Today, though, only 1 percent of medical students in the United States receives any type of virtual reality training, Satava estimates. For the most part, surgeons still train using crude, age-old methods, like peeling grapes or operating on dead human bodies or anesthetized animals.
Practice makes perfect
Prototypes of VR trainers have been around since the early 1990s, and some commercial products have come to market [see “Play time at medical school”]. For the most part, they are designed to do very specific tasks—sewing veins together, inserting catheters, and the like. It turns out, though, that modeling the myriad textures and responses of the human body is vastly complicated and existing data relatively scant.
“We're good at simulating simple things, like poking needles into chests and drawing fluids out,” said Alan Liu, a VR expert at the Uniformed Services University of the Health Sciences' Medical Simulation Center, in Bethesda, Md. “We're less successful with elaborate procedures, like making incisions and going after tumors. And as for complete end-to-end simulation—prepping a patient, opening up, doing a transplant or repairing an organ, and closing up again—nobody has done anything like that in its entirety.”

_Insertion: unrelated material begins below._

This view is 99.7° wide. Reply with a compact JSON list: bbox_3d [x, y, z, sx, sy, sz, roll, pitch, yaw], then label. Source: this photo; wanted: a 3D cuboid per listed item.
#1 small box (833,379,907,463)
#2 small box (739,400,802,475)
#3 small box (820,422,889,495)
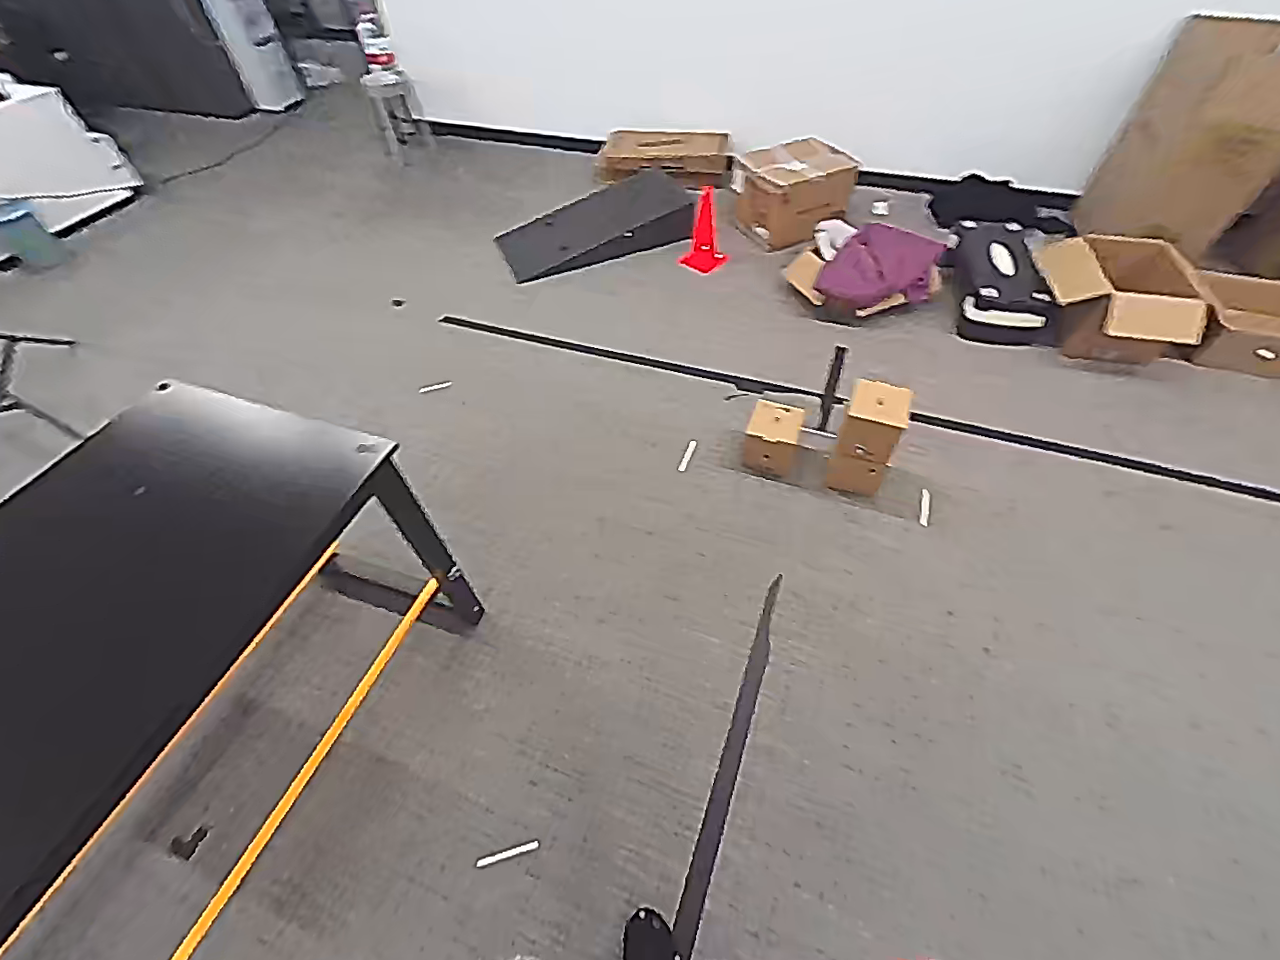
[{"bbox_3d":[0.715,-0.183,1.689,0.168,0.176,0.179,16,55,15],"label":"small box"},{"bbox_3d":[0.448,-0.144,1.875,0.168,0.176,0.179,17,55,15],"label":"small box"},{"bbox_3d":[0.719,-0.072,1.809,0.179,0.176,0.168,15,54,13],"label":"small box"}]

Much of the work in medical simulation has been spearheaded by the U.S. military, which has, of course, an interest in ensuring proper medical care on the battlefield [see “The virtual emergency room”].
A typical trainer consists of a mono- or stereoscopic display (either a cathode ray tube or a head-mounted display), a PC or more powerful computer, and an interface device for interacting with the simulation. While the basic goal of all surgery trainers is the same, there is a multitude of styles of simulation.
A heated debate in the field today is how far developers should go to reproduce the look and feel of true surgery. Current technology allows for the simulation of touch [Fig. 1] and sound (such as a patient expressing discomfort), as well as for lifelike images. But the cost of greater realism can be prohibitive. So some companies have turned to simple graphics-only VR simulations that can be run on low-end PCs.
In the lefthand loop, forces on the end effector are detected and relayed to the user's brain. The brain, for example, commands the muscles to contract, in order to balance or overcome the force at the end effector.
Seeing is believing
Simulating human tissue—be it tooth enamel, skin, or blood vessel—often starts with a sample from a flesh-and-blood person. Depending on the simulation needed, anatomical images can be derived from magnetic resonance images, video recordings, or the Visible Human Project, a computer model of a human developed by the National Library of Medicine, in Bethesda, Md. The image can then be digitally mapped onto a polygonal mesh representing whatever body part or organ is being examined. Each vertex of the polygon is assigned attributes like color and reflectivity from the image of the organ.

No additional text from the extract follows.